Is the kid a fool? Will we listen? Should we care? We won’t know.

When horror strikes (it could be as early as next fall), nobody’s going to listen, nobody’s going to pay attention. That’s the trouble: too many warnings land on deaf ears.

A lot of people are angry, scoffing that we have been scared half to death by a virus that doesn’t seem so bad after all. Well, don’t hold your breath quite yet.

This current so-called “swine flu” is to be taken seriously. The disease experts are not kidding. This flu virus, never known before, can mutate possibly into a massive killer in less than a year.

In the mid-1970s in a biology class at St. Cloud State University, my professor one day said we could all be dead someday because of a virulent virus. I raised my hand, told him that’s impossible because we have new vaccines and such.

The professor laughed. “Dennis, you are wrong,” he said, more or less. “These viruses are devious; in some ways, smarter than us. They can mutate.”

Last summer at a St. Cloud park open house, I re-met that professor from 30 years ago. His name is Dr. Ralph Gunderson. He didn’t remember me, of course. I was just one of a long parade of know-it-all rebel students who thought we’d live forever and get smarter if we drank enough beer and partied hard enough. I shook Gunderson’s hand; I apologized for my wrongness about modern plagues; he smiled kindly and like an academic pope he forgave me wordlessly.

With Gunderson’s lecture in my mind, I am glad these public-health people “over-reacted.” That is because we hung-over smartsters have not been faced with a biological-viral plague in a very long time, either from terrorists or from “natural” biological sources.

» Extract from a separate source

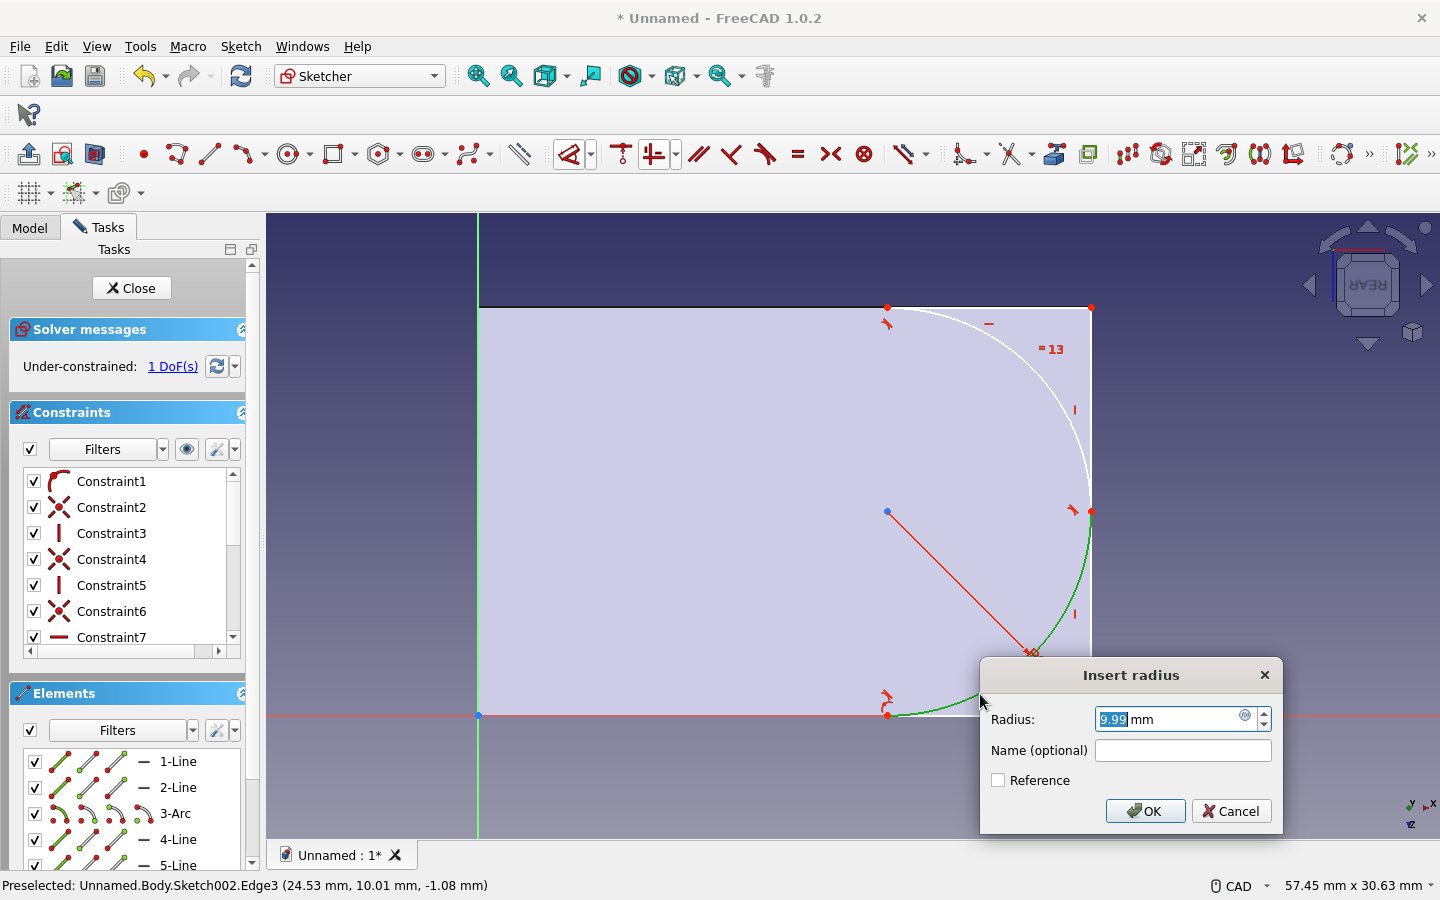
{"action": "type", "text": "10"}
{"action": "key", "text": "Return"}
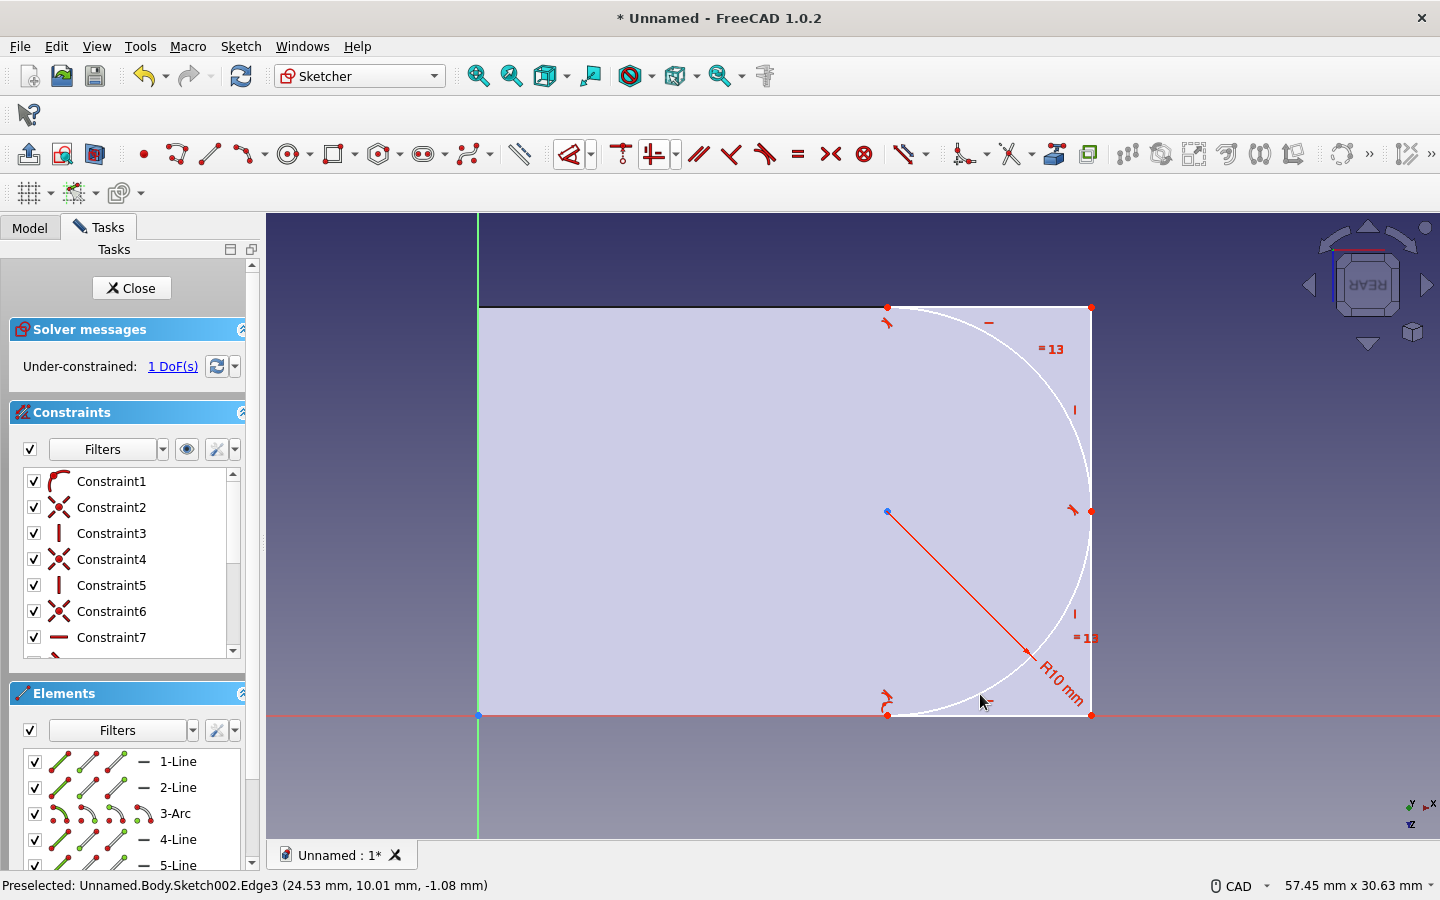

We all know what happened when Hurricane Katrina struck the Gulf Coast. Everyone and every help agency, including the doofus federal government, were utterly unprepared. So many people suffered and died.

This H1N1 flu may not come back with a vengeance this fall or this winter, but if it does we had better be ready. This spring and summer may be giving us a sweet reprieve to develop a vaccine against a more vicious strain in waiting. We should be so grateful for great scientists who never get any credit at all.

This boy who cried “Virus!” should be listened to because we have got to start preparing for a potential catastrophe. This recent flu scare has put us on alert, and public-health care agencies worldwide now have a heads-up, with good combative measures, about how to deal with what is almost certainly looming on the horizon.